How This Differs From What Came Before
The architectural differences between Cadmus and its predecessor are specific.
| Aspect | Earlier prototype | Cadmus |
|---|---|---|
| Intermediate state | No persistence between stages. Entire document representation passed as a string payload. A failure near the end discarded all upstream work. | Each stage writes to a persistent directory the next stage reads from. Interrupted runs are recoverable without losing prior work. |
| Validation design | A single component combined structural checks with mathematical correctness checks. Difficult to distinguish formatting failures from reasoning failures when output degraded. | Separate verifier and validator stages. The verifier checks mathematical consistency; the validator checks structural conformance. Failure type is identifiable. |
| LLM-backed stage resumption | No mechanism for tracking which records had already been submitted. Interrupted runs had no clean resumption path. | A replay ledger in every LLM-backed stage tracks completed records. Resumption re-processes only what was not yet finished. |
| Failure traceability | A record exiting with a null solution offered no history of which step removed or failed to complete it. | Run database records stage status and transition events. When a record exits with a null solution, the cause is identifiable. |
What Cadmus Currently Improves
Cadmus produces records with standardized schemas and verified grade attribution, keeping raw source text distinct from verified output. The staged architecture makes failures traceable: when a record exits with a null solution, the run history identifies which stage flagged it. Source category metadata also distinguishes competition-level materials from standard textbooks, allowing for weighted retrieval.

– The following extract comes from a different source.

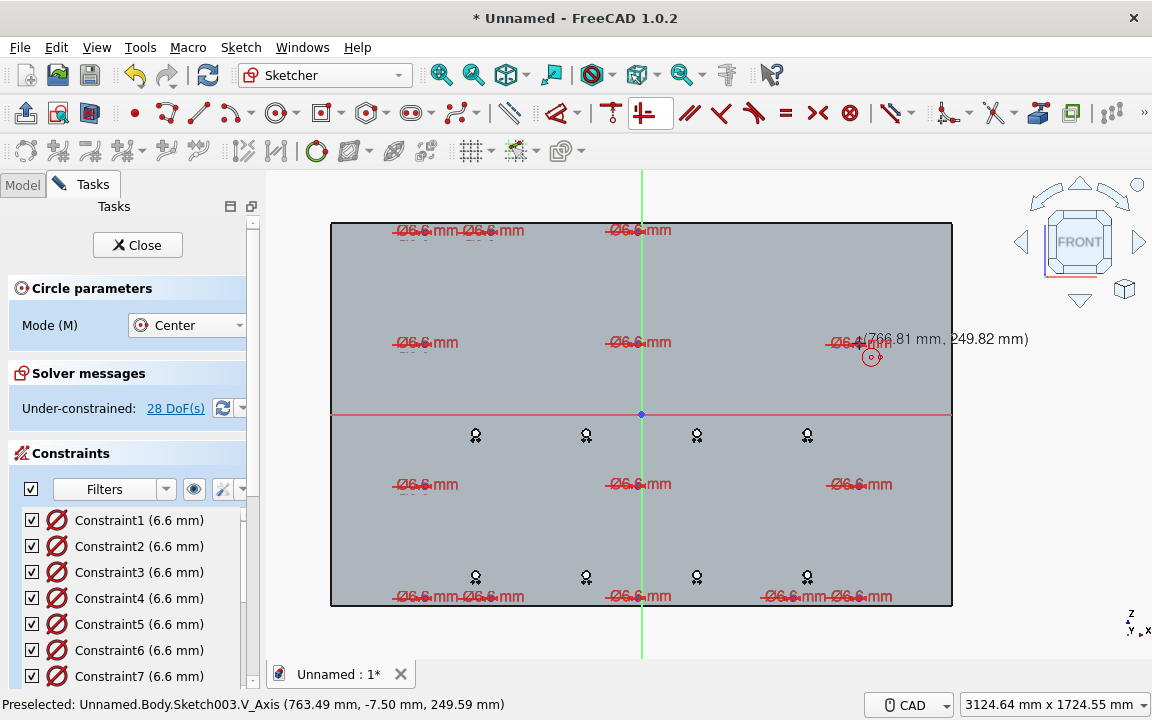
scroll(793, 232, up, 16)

The impact of these structured records on retrieval quality and tutoring accuracy is currently being evaluated.
What Cadmus Does Not Yet Solve
Mathematical verification reduces error rates but does not eliminate them; a record can pass while containing a plausible but incorrect solution. OCR quality varies by source, and some formatting artifacts persist. The pipeline currently assigns grade and source category but lacks topic-level metadata, limiting retrieval precision. Some records exit with null fields because completion or verification failed.
Yield and Processing Efficiency
Benchmark metrics on the corpus (record counts, pass rates, and grade distribution) describe the pipeline's output characteristics across the processed dataset.
The 50.1% pass rate is the pipeline working as intended. The filter is strict by design; only high-quality items reach the tagger. The high initial split multiplier (~60x) means every candidate surfaces before filtering begins. The 30.37% net yield per file shows both stages working across approximately 5,400 source documents.
These metrics describe what Cadmus produced. They do not describe whether students using VietAlpha find the retrieved explanations useful, whether the curriculum alignment translates to classroom accuracy, or whether the worked examples Cadmus generates are at the right level of difficulty.
Next Step
The current retrieval evaluation measures grade match rate and cosine similarity between a query and its top retrieved examples. Future evaluation must determine if retrieved examples share the query's reasoning method.
Distinguishing surface similarity from reasoning similarity requires manual relevance scoring by reviewers familiar with the Vietnamese math curriculum, grade-level error analysis, and case studies to identify if failure patterns concentrate in particular source categories.